Relevant pharmacology: routes of administration

Medications taken orally (by mouth) are generally the slowest to onset of action. Intravenous medications, introduced directly into the bloodstream, are generally the fastest. Perhaps less well-known are other methods that are nearly as fast as IV: sublingual, intranasal, and inhaled. In each of these cases, the medication is placed in apposition to blood vessels that are able to absorb it directly. This only works for certain types of medications (mostly lipophilic ones that can cross into blood vessels), but it’s fast and avoids some of the difficulties of oral administration.* Subcutaneous, transdermal or intramuscular administration is generally also somewhat quicker to reach the bloodstream than oral medications.

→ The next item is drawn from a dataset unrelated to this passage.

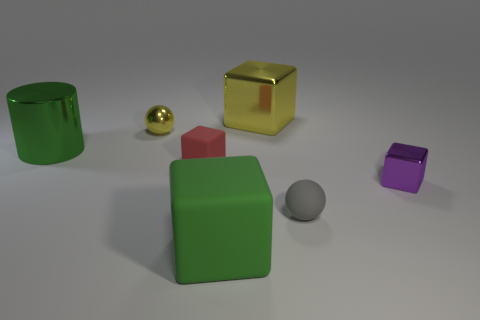Subtract all cyan cubes. Subtract all purple balls. How many cubes are left? 4 Add 3 large yellow shiny balls. How many objects exist? 10 Subtract all blocks. How many objects are left? 3 Add 4 large green matte cubes. How many large green matte cubes are left? 5 Add 5 tiny cyan metallic blocks. How many tiny cyan metallic blocks exist? 5 Subtract 1 yellow spheres. How many objects are left? 6 Subtract all gray metallic things. Subtract all yellow spheres. How many objects are left? 6

Migraines: oral may not be best

For reasons that are not fully understood, abortive medications are more effective when used early in the attack, so the quicker routes of administration are also expected to provide relatively more benefit. In addition, migraine headaches are often associated with severe nausea and vomiting which may limit the utility of oral medications. Even when vomiting is not present, migraines are associated with gastric stasis, meaning that the stomach is slow to empty into the duodenum, the part of the gut where medications are generally absorbed.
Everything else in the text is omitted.